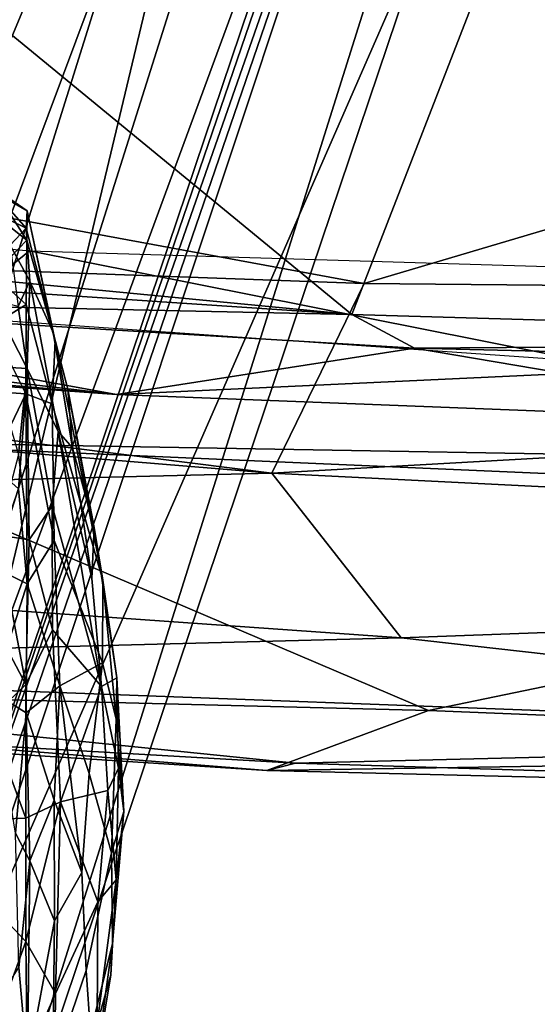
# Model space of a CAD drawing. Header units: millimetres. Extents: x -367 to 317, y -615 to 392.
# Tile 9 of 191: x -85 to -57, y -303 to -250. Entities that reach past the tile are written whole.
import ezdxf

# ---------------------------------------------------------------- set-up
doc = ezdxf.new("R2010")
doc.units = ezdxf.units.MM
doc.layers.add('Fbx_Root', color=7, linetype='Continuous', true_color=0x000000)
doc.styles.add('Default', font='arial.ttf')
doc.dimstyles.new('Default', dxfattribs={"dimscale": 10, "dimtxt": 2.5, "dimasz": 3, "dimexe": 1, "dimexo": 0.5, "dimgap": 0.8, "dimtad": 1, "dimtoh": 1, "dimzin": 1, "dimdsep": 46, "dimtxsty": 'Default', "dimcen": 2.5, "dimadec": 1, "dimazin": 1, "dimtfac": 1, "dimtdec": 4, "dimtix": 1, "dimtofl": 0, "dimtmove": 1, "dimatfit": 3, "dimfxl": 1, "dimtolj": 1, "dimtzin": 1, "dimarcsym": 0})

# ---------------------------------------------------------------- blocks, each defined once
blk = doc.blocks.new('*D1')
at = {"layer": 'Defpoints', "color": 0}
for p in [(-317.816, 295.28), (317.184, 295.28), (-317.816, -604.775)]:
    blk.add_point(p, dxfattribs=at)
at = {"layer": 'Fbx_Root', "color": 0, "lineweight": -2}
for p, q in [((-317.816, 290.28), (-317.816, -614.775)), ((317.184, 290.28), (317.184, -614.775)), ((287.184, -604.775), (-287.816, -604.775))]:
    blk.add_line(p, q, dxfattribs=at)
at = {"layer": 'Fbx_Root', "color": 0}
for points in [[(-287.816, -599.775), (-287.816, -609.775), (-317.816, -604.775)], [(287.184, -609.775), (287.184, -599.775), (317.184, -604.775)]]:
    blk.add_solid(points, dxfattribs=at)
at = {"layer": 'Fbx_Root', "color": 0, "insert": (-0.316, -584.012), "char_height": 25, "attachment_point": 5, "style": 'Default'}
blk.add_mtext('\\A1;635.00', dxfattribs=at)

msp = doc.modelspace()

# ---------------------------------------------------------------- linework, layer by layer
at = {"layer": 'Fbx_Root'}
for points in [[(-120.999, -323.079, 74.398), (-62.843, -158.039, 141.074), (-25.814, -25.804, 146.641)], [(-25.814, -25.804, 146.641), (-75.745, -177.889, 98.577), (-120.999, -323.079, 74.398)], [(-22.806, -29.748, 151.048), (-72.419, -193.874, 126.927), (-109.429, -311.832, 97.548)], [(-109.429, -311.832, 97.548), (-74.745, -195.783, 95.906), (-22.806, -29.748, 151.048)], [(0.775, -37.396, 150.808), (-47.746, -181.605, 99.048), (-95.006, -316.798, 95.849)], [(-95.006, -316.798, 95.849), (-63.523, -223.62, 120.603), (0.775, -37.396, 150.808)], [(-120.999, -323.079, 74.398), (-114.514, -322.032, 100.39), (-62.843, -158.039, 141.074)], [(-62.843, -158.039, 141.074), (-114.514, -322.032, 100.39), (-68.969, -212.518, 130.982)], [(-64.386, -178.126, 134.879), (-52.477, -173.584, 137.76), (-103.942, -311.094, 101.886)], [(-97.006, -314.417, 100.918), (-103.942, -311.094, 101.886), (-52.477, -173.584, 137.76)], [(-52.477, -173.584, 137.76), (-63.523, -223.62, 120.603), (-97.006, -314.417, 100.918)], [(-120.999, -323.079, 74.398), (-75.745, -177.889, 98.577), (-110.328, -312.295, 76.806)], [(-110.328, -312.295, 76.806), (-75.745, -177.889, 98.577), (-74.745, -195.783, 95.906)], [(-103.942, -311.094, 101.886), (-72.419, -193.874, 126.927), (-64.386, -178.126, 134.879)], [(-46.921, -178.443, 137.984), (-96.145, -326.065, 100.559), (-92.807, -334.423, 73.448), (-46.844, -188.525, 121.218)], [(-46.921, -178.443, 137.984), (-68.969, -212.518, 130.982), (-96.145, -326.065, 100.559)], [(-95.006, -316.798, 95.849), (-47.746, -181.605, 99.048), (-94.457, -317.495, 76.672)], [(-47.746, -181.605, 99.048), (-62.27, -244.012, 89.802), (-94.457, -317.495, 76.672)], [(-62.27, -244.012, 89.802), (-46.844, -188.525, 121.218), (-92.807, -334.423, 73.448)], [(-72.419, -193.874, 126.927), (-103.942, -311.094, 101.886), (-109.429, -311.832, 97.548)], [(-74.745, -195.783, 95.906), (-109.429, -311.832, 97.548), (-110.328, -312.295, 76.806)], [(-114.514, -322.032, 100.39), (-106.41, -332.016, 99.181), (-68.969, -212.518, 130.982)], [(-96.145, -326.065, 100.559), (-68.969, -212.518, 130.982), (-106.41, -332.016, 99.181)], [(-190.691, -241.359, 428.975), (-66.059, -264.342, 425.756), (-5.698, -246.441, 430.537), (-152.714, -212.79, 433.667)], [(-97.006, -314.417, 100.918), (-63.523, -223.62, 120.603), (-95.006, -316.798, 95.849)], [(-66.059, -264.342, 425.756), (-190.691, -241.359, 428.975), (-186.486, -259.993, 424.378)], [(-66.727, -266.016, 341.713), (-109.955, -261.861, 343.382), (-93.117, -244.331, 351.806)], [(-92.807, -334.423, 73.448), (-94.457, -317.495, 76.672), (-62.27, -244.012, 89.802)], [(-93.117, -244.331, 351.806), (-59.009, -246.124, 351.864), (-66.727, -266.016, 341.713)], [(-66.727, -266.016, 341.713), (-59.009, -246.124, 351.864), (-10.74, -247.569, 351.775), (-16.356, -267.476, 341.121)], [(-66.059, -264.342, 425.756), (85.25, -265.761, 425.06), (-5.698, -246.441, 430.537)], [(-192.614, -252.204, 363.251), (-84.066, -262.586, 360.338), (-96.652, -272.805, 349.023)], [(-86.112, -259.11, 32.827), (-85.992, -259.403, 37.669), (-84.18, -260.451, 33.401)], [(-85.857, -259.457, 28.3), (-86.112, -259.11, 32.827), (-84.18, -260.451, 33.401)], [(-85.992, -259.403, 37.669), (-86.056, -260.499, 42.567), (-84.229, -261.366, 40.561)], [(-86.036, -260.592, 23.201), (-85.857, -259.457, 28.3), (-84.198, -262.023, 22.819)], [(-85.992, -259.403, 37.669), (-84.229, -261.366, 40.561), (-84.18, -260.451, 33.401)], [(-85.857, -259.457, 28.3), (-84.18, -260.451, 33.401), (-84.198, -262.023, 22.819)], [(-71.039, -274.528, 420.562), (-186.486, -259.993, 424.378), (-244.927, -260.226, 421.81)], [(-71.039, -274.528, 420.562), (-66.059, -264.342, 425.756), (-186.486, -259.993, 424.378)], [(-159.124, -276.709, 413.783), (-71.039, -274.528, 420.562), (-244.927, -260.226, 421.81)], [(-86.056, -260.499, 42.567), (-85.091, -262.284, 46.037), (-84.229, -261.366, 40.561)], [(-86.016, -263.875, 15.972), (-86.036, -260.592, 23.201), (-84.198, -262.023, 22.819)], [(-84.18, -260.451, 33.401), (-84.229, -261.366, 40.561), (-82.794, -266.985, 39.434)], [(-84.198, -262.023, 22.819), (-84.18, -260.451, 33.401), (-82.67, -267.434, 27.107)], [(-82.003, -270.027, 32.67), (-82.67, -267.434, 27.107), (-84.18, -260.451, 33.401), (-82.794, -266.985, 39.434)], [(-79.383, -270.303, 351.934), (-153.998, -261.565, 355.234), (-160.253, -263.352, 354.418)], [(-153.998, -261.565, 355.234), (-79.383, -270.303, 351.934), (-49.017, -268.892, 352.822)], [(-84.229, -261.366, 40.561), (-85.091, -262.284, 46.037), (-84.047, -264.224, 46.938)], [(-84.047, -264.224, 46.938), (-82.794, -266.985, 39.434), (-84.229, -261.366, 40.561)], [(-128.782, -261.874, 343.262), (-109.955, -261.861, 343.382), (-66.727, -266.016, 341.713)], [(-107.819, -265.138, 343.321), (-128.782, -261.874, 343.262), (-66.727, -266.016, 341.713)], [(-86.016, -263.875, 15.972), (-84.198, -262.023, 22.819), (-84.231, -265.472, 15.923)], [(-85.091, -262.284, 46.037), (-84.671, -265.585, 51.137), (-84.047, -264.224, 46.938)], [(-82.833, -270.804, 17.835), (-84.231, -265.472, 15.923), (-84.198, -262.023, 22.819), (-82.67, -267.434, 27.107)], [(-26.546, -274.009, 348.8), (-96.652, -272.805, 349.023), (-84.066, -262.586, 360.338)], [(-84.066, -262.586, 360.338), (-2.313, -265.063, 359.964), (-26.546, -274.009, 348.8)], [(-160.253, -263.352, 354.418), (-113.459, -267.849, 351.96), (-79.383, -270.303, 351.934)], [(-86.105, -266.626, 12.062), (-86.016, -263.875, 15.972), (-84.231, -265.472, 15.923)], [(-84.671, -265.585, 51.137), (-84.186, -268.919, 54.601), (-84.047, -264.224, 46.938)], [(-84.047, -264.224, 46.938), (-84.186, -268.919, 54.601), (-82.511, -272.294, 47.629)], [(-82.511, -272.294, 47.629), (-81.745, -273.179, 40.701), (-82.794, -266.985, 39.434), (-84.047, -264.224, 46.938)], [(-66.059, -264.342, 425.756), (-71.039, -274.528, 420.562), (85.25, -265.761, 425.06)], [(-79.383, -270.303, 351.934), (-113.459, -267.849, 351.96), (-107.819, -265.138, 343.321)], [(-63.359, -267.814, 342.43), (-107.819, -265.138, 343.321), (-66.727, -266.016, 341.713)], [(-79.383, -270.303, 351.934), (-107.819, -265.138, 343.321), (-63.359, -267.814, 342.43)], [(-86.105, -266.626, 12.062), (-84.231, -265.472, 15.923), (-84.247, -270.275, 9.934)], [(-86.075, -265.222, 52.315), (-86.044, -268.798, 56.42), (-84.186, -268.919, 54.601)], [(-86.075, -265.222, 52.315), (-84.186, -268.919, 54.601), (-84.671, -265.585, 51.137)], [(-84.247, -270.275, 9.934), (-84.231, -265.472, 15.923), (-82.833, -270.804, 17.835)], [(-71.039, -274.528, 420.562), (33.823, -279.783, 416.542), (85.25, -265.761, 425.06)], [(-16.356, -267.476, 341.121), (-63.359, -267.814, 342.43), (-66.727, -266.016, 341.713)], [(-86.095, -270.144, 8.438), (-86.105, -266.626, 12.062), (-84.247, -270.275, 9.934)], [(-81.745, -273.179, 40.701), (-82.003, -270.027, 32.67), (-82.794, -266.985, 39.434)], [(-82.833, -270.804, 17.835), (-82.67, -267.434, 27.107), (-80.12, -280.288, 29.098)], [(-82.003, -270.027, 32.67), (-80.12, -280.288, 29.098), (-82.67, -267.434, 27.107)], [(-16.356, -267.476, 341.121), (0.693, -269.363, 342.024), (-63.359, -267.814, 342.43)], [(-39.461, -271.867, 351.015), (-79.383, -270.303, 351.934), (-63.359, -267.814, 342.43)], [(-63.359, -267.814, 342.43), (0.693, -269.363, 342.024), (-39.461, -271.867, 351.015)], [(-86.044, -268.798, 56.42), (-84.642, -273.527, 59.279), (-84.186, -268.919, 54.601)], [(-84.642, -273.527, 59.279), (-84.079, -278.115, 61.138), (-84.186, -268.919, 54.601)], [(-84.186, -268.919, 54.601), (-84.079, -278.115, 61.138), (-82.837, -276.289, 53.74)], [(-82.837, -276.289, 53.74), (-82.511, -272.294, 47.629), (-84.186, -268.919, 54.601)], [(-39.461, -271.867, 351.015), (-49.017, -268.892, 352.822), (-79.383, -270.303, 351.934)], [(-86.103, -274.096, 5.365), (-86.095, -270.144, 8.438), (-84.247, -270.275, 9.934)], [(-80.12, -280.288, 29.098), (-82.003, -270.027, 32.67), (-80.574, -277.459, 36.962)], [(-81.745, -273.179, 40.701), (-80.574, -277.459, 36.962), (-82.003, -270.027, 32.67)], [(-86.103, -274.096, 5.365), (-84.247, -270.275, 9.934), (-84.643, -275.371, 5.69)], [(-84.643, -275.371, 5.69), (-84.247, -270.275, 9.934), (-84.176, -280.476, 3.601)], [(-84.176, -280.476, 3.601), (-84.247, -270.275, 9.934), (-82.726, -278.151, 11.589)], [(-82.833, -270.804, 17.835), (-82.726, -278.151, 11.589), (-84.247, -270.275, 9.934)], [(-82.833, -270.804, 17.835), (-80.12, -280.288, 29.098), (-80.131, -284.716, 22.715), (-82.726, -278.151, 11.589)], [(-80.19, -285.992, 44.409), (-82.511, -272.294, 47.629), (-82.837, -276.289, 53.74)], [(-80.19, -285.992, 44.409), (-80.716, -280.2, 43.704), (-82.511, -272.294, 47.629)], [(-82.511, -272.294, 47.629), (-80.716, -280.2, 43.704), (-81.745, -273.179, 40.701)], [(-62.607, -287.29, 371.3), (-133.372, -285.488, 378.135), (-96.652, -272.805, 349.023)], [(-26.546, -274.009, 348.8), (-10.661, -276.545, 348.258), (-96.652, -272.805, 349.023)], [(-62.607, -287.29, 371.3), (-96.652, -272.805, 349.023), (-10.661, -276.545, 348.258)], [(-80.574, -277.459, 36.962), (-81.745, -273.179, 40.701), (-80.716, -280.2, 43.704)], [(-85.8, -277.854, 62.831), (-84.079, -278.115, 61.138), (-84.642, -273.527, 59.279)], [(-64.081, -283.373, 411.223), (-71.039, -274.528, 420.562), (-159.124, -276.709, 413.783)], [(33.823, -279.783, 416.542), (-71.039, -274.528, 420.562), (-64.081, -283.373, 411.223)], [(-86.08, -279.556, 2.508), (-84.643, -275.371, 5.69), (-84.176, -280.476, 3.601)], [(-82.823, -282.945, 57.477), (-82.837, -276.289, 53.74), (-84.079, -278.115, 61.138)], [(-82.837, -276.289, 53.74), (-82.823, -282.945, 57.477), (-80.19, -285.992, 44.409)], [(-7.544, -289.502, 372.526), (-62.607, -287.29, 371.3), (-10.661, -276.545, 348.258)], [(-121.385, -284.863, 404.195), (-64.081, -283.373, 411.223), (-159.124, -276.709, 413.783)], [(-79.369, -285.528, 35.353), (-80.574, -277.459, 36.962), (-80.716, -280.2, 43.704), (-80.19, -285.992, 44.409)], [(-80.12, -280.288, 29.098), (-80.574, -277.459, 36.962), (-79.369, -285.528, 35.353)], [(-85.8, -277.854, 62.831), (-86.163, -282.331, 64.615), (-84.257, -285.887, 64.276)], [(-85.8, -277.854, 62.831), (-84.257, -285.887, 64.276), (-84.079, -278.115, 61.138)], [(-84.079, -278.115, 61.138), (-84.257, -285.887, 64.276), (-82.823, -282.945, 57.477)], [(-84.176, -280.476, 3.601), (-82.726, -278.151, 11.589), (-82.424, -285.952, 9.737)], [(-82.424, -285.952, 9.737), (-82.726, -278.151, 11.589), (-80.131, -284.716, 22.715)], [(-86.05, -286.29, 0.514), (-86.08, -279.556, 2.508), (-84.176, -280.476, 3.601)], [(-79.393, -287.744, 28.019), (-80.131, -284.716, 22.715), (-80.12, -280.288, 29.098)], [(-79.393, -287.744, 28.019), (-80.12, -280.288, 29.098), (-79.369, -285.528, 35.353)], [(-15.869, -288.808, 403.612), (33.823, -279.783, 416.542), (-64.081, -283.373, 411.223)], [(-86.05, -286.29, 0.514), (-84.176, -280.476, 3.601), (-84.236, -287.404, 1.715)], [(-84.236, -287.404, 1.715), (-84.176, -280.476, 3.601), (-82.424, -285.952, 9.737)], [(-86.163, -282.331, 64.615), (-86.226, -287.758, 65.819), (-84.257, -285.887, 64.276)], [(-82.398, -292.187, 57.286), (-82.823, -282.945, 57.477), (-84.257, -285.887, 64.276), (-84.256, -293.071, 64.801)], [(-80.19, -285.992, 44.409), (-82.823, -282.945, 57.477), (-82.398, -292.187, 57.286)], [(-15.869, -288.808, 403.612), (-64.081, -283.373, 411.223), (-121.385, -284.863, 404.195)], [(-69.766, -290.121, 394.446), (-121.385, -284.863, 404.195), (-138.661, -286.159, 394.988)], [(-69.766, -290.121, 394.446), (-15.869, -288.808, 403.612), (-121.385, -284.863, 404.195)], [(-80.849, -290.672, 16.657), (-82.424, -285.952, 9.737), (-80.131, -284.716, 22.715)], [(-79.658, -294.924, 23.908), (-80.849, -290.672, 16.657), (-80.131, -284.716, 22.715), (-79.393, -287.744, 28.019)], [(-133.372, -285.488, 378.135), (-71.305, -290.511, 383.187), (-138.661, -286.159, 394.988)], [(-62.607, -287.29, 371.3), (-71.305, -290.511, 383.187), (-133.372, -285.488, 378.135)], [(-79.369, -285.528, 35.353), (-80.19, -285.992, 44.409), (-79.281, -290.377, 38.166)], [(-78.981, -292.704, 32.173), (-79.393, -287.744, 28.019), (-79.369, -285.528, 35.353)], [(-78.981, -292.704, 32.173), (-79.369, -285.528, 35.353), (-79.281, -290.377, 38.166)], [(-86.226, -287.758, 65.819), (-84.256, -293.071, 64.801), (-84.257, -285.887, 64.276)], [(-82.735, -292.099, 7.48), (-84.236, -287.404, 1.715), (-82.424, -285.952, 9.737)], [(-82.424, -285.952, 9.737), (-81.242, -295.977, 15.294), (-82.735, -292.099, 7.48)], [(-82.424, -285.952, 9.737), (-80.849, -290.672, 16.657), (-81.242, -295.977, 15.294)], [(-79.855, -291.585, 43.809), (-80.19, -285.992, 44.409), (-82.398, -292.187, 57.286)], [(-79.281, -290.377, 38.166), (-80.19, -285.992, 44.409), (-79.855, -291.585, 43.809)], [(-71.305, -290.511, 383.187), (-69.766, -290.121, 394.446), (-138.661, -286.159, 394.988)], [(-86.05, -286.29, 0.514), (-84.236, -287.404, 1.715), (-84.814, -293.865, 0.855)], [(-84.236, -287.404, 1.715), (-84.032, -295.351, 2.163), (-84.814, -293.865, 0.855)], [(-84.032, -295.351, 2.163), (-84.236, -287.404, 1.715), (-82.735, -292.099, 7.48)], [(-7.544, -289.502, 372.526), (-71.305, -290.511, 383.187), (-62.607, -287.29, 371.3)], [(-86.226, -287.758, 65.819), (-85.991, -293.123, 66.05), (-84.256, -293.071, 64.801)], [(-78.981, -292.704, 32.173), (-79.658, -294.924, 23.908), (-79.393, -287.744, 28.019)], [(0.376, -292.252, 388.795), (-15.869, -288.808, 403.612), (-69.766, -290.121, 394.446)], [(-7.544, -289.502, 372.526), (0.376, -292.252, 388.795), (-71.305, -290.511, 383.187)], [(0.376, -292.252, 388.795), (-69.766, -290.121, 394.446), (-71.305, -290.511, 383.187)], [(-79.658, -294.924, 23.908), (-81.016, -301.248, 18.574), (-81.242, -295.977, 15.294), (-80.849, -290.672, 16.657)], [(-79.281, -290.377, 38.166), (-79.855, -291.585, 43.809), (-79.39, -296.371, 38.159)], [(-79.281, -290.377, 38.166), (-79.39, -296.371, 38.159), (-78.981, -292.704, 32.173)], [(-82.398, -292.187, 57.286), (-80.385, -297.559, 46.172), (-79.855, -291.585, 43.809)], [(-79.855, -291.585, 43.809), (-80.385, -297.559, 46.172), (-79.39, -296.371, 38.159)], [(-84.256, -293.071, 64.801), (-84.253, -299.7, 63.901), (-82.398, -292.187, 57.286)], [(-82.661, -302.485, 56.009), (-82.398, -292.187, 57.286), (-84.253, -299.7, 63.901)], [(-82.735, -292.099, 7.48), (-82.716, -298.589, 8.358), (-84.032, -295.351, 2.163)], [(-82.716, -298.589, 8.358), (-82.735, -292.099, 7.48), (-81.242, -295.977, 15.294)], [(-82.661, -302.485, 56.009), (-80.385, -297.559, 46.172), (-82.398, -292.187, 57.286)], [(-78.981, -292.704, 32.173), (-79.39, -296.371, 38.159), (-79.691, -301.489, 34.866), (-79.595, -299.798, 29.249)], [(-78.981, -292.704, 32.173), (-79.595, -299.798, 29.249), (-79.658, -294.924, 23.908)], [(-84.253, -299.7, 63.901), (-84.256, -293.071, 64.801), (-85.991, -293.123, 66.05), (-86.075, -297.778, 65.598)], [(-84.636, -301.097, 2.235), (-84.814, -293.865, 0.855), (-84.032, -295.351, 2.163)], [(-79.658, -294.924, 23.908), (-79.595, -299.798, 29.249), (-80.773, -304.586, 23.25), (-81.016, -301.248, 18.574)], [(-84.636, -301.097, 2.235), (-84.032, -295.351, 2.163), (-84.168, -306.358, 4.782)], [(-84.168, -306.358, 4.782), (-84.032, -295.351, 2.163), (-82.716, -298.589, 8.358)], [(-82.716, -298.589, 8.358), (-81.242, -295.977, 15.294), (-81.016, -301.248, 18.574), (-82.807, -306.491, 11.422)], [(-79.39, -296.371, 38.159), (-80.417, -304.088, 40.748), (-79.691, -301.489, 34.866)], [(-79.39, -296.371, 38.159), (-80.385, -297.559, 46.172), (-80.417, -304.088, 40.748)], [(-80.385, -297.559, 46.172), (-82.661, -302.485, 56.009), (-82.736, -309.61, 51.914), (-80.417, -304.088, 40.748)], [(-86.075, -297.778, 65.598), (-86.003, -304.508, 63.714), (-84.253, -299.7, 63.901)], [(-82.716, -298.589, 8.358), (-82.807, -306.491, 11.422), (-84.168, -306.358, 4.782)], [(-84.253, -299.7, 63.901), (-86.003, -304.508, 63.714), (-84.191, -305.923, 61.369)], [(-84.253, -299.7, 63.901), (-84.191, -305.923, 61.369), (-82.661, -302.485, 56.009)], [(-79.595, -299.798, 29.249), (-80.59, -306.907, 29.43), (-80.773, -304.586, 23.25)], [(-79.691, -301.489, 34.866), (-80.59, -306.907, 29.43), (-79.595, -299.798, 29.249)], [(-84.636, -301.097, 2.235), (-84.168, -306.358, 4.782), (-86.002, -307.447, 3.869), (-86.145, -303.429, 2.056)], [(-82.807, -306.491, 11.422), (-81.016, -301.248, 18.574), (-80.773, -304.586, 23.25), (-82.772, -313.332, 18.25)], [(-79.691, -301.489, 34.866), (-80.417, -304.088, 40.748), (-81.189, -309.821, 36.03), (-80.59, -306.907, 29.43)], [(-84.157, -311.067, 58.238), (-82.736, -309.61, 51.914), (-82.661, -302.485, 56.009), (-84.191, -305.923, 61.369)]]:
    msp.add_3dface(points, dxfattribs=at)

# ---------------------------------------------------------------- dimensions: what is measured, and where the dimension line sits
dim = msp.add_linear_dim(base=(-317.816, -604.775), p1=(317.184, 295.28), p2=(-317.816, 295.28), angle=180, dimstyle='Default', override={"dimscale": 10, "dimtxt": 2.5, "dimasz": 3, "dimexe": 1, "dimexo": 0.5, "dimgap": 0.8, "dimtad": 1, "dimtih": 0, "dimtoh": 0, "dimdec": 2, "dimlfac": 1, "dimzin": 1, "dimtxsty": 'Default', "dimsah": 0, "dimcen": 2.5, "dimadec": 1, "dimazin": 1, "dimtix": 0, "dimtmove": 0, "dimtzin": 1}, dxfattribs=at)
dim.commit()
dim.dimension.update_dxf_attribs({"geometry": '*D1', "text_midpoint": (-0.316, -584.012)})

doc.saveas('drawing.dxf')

────────────────────────────────────────

### Task to complete
Give again, exactly, the lines starting at the first entry above and ending at the line with "doc.styles.add('Default', font='arial.ttf')"; please leave pictures out.

### Answer below
# Model space of a CAD drawing. Header units: millimetres. Extents: x -367 to 317, y -615 to 392.
# Tile 9 of 191: x -85 to -57, y -303 to -250. Entities that reach past the tile are written whole.
import ezdxf

# ---------------------------------------------------------------- set-up
doc = ezdxf.new("R2010")
doc.units = ezdxf.units.MM
doc.layers.add('Fbx_Root', color=7, linetype='Continuous', true_color=0x000000)
doc.styles.add('Default', font='arial.ttf')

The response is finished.